Taking the built-in test program of GNU Radio as an example, it can be seen from the analysis of the code in the test program that GNU Radio specifies the frame structure format shown in Figure 1. The bottom frame structure provides the preamble and synchronization code for the frequency and timing synchronization of the receiving system; the frame header provides information such as frame length and Gaussian whitening bias; the upper structure of the frame provides CRC (Cyclic Redundancy Check) check and the function of counting the number of sent packets. In addition, GNU Radio also provides a carrier sense multiple access/collision detection mechanism in the MAC (Media Access Control) layer to detect signal conflicts on the current channel. When the amplitude of the signal received by USRP is greater than the set threshold value, the channel is considered to be occupied, and the binary exponential backoff retransmission algorithm is used to wait for retransmission. Through the timestamp of USRP data, the superframe structure of time-slot transmission can also be implemented in GNU Radio. At the same time, by importing the Socket module, Python can easily perform network programming. Calling the virtual Ethernet channel provided by TUN/TAP allows the application layer program based on TCP/IP to be directly loaded onto GNU Radio and communicate through the communication system provided by GNU Radio. In addition, the data in the upper-layer network model is asynchronous data and cannot be directly processed by the synchronous signal processing module on the communication link. To this end, GNU Radio uses a FIFO (First In First Out) cache between the network model and the link model to achieve the conversion of signals from asynchronous to synchronous, and from information bits to baseband waveforms, closely integrating the communication link and the upper-layer network.

By using the functions and features provided by GNU Radio, researchers and developers can easily build a more complete communication system consisting of communication links and upper-layer network models, and perform cross-level joint design and optimization of customized communication systems from a global performance perspective.

1.3 USRP Hardware Structure

In the software radio system composed of GNU Radio and USRP, GNU Radio is only responsible for processing low-rate baseband signals, while USRP plays the role of digital intermediate frequency and RF front end to process high-throughput signals. The hardware structure of USRP designed based on software radio concept is flexible and universal, and can be compatible with multiple protocol standards of current wireless communications, providing strong support for the establishment of customized protocols and multi-standard fusion system modeling and testing.

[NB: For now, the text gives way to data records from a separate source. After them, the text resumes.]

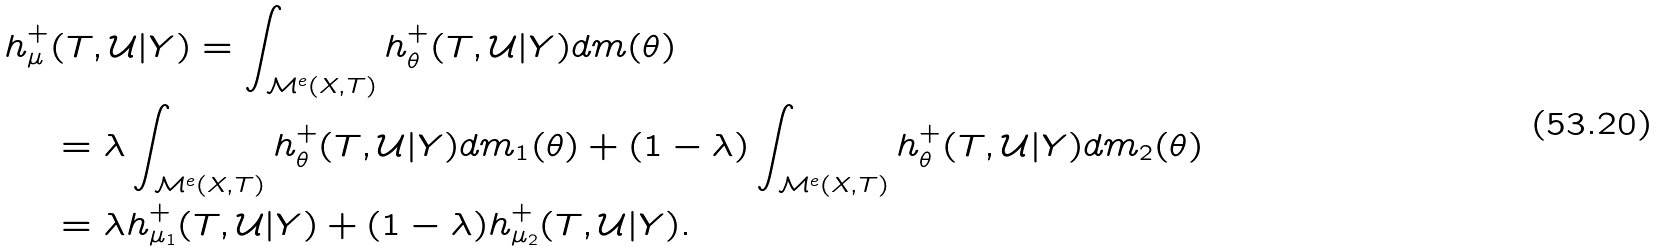<formula> <loc_0><loc_0><loc_500><loc_500>h ^ { + } _ { \mu } & ( T , \mathcal { U } | Y ) = \int _ { \mathcal { M } ^ { e } ( X , T ) } h _ { \theta } ^ { + } ( T , \mathcal { U } | Y ) d m ( \theta ) \\ & = \lambda \int _ { \mathcal { M } ^ { e } ( X , T ) } h _ { \theta } ^ { + } ( T , \mathcal { U } | Y ) d m _ { 1 } ( \theta ) + ( 1 - \lambda ) \int _ { \mathcal { M } ^ { e } ( X , T ) } h _ { \theta } ^ { + } ( T , \mathcal { U } | Y ) d m _ { 2 } ( \theta ) \\ & = \lambda h ^ { + } _ { \mu _ { 1 } } ( T , \mathcal { U } | Y ) + ( 1 - \lambda ) h ^ { + } _ { \mu _ { 2 } } ( T , \mathcal { U } | Y ) .</formula> 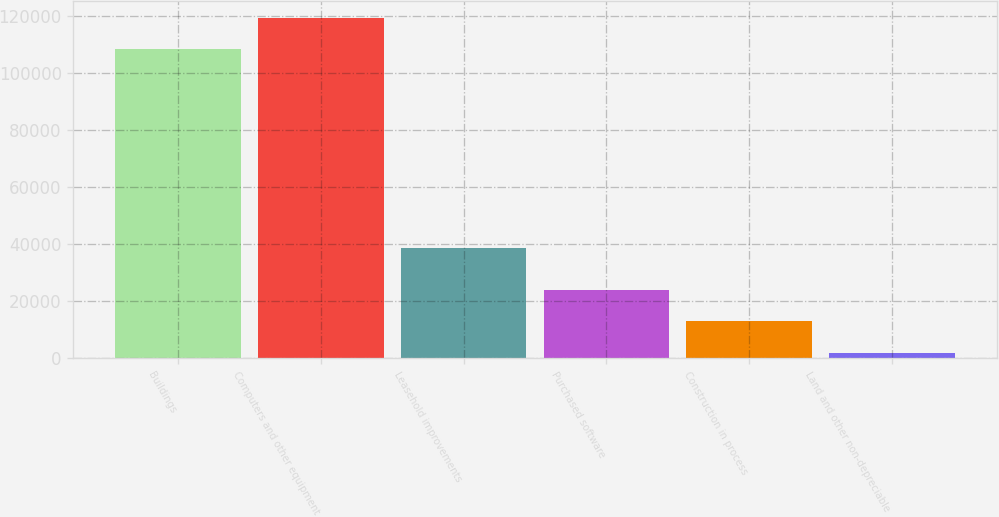Convert chart to OTSL. <chart><loc_0><loc_0><loc_500><loc_500><bar_chart><fcel>Buildings<fcel>Computers and other equipment<fcel>Leasehold improvements<fcel>Purchased software<fcel>Construction in process<fcel>Land and other non-depreciable<nl><fcel>108265<fcel>119297<fcel>38771<fcel>23950.2<fcel>12918.6<fcel>1887<nl></chart> 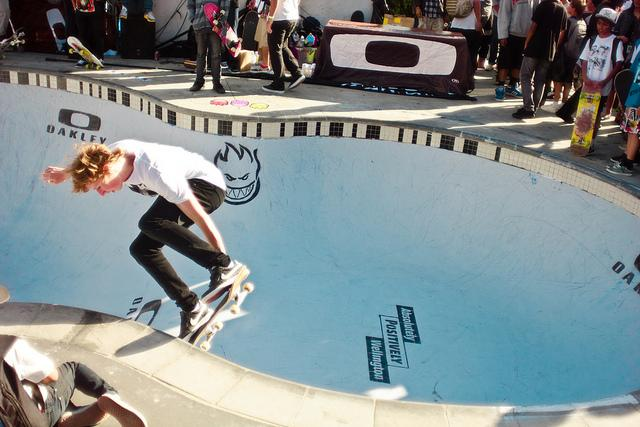What's happening to this guy? Please explain your reasoning. doing tricks. The man is using a skateboard to perform.

As shown in Figure 2, the structure of USRP mainly includes FPGA (Field Programmable Gate Array) responsible for digital intermediate frequency processing, ADC and DAC devices responsible for analog/digital and digital/analog conversion, and RF sub-board responsible for RF signal processing. In the specific transmission and reception process, the antenna at the receiving end captures the RF signal in the air, and the RF sub-board performs down-conversion in the analog domain, moving the signal from the RF to the intermediate frequency, and then entering the digital domain through the conversion of the A/D device; FPGA acts as a digital down-converter, further moving the signal from the digital intermediate frequency to the baseband, and at the same time completes the signal extraction work, so that the signal rate is reduced to the range that the general processor can handle; finally, the low-rate baseband signal is sent to the PC through the control chip. The sending end completes a roughly opposite signal processing process.